Изменить размер шрифта - +

Скоро можно будет не волноваться, что я потеряю усадьбу и окажусь в общежитии (если не в ночлежке). У меня уже и так не лучше, чем в ночлежке, пропади все пропадом! Я даже не знаю, с какой стороны взяться за этот чертов уют. Думаю, я бы обошелся без постельных радостей (обходился же, и подолгу), однако стать бездомным в собственной усадьбе, прямо скажем, невесело.

А Креветка, видать, не хочет мне помочь. Или не может.

 

45

 

У меня нет топора чтобы сварить из него кашу

Только щипцы

и пригоршня кривых скрепок

 

Жизнь все больше распадалась на две неравные части. Мы проводили Инес Лундмарк на досрочную пенсию, и ее детский отдел окончательно перешел под мое начало. Я с головой окунулась в работу: готовила неделю детского театра, организовала местных художников на то, чтобы они иллюстрировали с детьми сказки, и попыталась склонить местных политиков к более активной поддержке новых проектов в области культуры (в результате чего едва не оказалась в списках кандидатов от одной из партий). По-моему, я приобрела репутацию человека, не только полного замыслов, но и умеющего воплощать их. Меня посылали на семинары и ярмарки, и я чуть не добилась от наиболее влиятельного человека в муниципалитете выделения денег на фестиваль детских фильмов. Потом, впрочем, выяснилось, что высокого чиновника соблазнял не фестиваль. Он предложил мне съездить с ним на выходные в Польшу, где намечался кинофестиваль для детей, и секретарша начальника позвонила уточнить, действительно ли я согласна жить с ним в двойном номере. Тут у меня раскрылись глаза на его дружеские объятия и обращения типа «милочка» и «лапочка». Когда я предъявила ему претензии, он сначала отговорился тем, что хотел сэкономить муниципальные деньги, — мы, дескать, люди современные… Потом сказан, что секретарша неправильно его поняла и вообще никуда не годный работник и ее надо уволить по сокращению штатов. А потом наши дети остались без фестиваля.

Разумеется, я не могла принять против бонзы официальные меры, все равно бы не вышло ничего, кроме неприятностей секретарше. К таким господам чаще всего не подкопаешься, им обеспечено алиби. Впрочем, я не уверена, что он пытался лишь организовать себе небольшое приключение за казенный счет: случалось, он звонил мне по вечерам, сопел в трубку, плакался или нес околесицу. Я рассказала об этом Бенни, и он вызвался наклеить себе усы и под чужим именем устроиться на работу в муниципалитет. В кои-то веки мне удалось заинтересовать Бенни своими делами: думаю, он малость приревновал.

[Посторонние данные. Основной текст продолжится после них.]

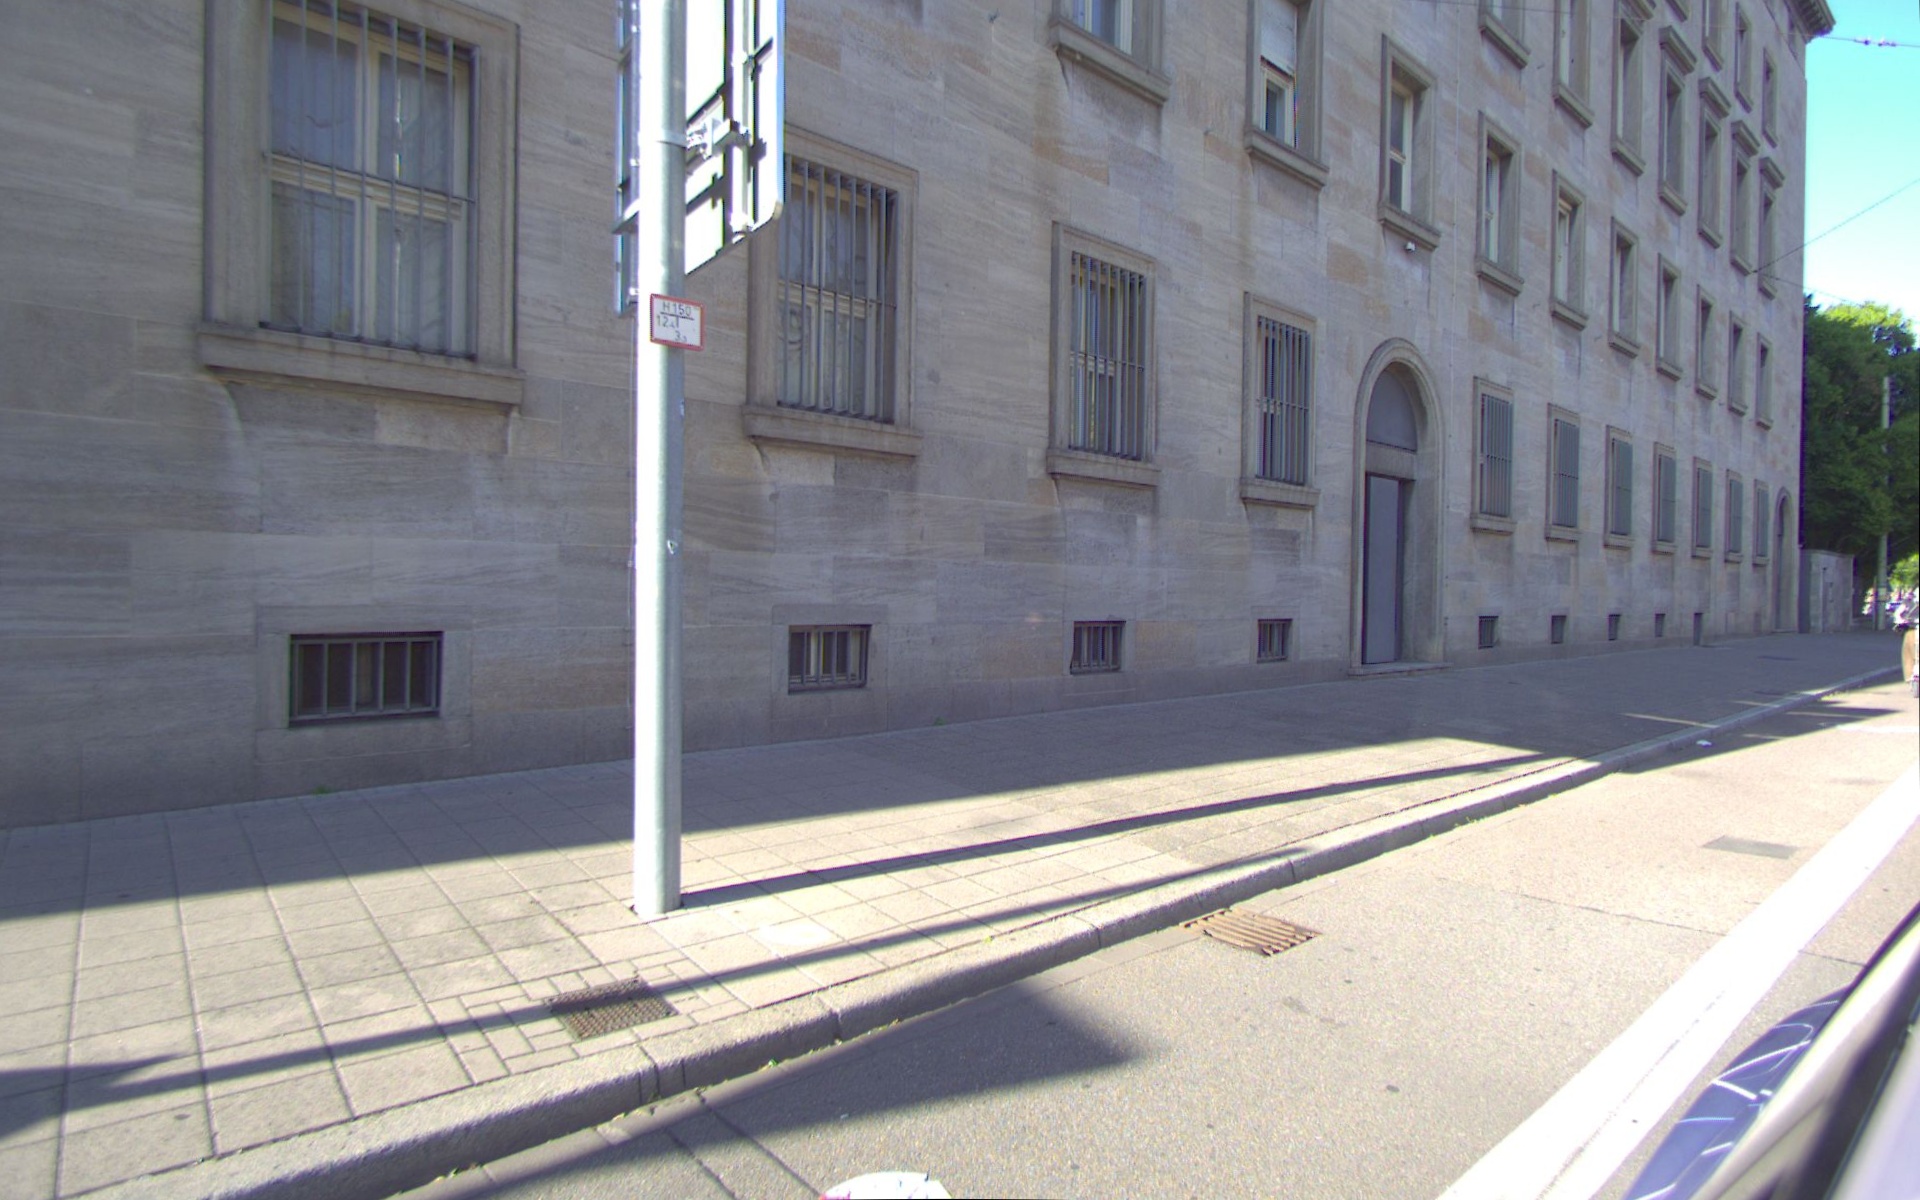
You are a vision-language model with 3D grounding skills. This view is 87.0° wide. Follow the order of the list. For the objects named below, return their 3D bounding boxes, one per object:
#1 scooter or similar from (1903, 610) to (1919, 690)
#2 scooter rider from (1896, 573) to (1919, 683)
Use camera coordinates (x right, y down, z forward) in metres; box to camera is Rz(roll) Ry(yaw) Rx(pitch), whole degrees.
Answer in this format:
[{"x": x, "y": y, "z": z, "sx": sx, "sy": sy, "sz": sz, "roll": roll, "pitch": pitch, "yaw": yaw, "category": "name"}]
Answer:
[{"x": 15.127, "y": 0.767, "z": 15.751, "sx": 1.305, "sy": 1.200, "sz": 0.535, "roll": 0, "pitch": 1, "yaw": -42, "category": "scooter or similar"}, {"x": 15.070, "y": 0.435, "z": 15.698, "sx": 0.547, "sy": 1.692, "sz": 0.730, "roll": 0, "pitch": 1, "yaw": -41, "category": "scooter rider"}]

Самое страшное было не то, что этот муниципальный бонза положил на меня глаз, и даже не то, что задуманный мной фестиваль не состоялся. Я давно стараюсь, имея дело с мужчинами, не включать свое обаяние на полную катушку: непонятно почему многие из них падки на таких, как я. Сначала им кажется, что я очень хрупкая, а когда выясняется, что, возможно, они ошиблись, я становлюсь для них загадкой, которую непременно надо разгадать. Все это мы уже проходили.

Так вот, самое страшное было то, что в моей библиотеке работает жена этого бонзы. Она, понятно, ничего не знала — впрочем, что тут было знать? — и по-прежнему щебетала в комнате отдыха о том, что я слышу от нее много лет подряд:

— Теперь, когда дети выросли и уехали от нас, мы со Стеном наконец-то можем пожить в свое удовольствие! Если бы ему дали отпуск, мы бы отметили годовщину свадьбы вторым медовым месяцем на Мадейре!

Мы со Стеном то, мы со Стеном сё… А вечером Стен опять звонил мне и что-то гнусавил в трубку.

В обеденный перерыв в нашей комнате отдыха незримо присутствовало довольно много мужей. Больше всех жаловалась на своего Лилиан:

— …вернешься с работы, отстояв десять часов на ногах, а он как ни в чем не бывало читает вечернюю газету, развернув ее на кухонном столе поверх яичной скорлупы и оставшихся от завтрака грязных тарелок… и тут же спрашивает, что будет на ужин.